Rakus dalam arti bahwa dalam rangka mengejar laba sebesar-besarnya, perusahaan swasta dapat berlaku sewenang-wenang. Misalnya saja mereka pelit dalam menggaji karyawan dibanding dengan laba yang dihasilkan. Jadinya rasa pemilikan karyawan terhadap perusahaan dan kinerjanya rendah. Itu berbeda dengan koperasi (koperasi pekerja) yang kebijakan gajinya ditentukan oleh para pekerjanya sendiri. Hal itu terjadi karena pekerja adalah pemilik perusahaan tersebut.

Model-model Lain
Selain koperasi, sebenarnya ada beberapa model lain dengan karakter yang sama. Sebutlah model kewirausahaan sosial (social entrepreneurship) yang dimotori oleh Bill Drayton. Kewirausahaan sosial adalah bagaimana memecahkan masalah sosial dengan cara entrepreneurial.

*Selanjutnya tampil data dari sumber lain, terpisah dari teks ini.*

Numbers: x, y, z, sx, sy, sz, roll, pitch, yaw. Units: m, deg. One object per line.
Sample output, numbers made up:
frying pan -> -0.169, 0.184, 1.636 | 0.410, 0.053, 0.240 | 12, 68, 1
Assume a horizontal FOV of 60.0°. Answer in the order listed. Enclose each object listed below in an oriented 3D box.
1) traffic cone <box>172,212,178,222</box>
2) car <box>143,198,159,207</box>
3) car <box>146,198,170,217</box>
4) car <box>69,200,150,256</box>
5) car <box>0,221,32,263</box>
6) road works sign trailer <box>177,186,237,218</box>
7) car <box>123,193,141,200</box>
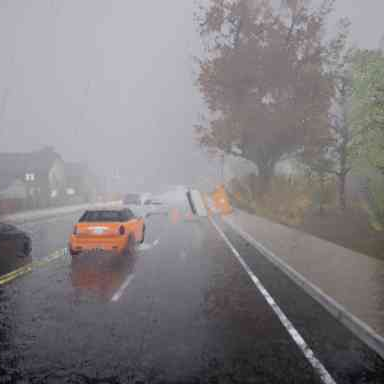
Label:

Caranya dimulai dengan mengorganisir modal sosial dalam komunitas dan kemudian memobilisasi sumber daya mereka.

Di Indonesia kita kenal Gamal Albinsaid yang memperoleh penghargaan dari Pangeran Charles Inggris. Di Malang, Jawa Timur, ia membangun klinik asuransi berbasis sampah. Masyarakat membayar layanan dokter Gamal dengan sampah rumah tangga mereka. Sedikitnya ada tiga manfaat klinik asuransi tersebut: 1). Kesehatan masyarakat terjaga meski mereka tak secara langsung mempunyai uang; 2). Sampah-sampah mereka terkelola dengan baik dan memberi nilai tambah ekonomi; dan 3). Dokter Gamal tetap memperoleh jasa dari layanan kesehatan yang diselenggarakannya.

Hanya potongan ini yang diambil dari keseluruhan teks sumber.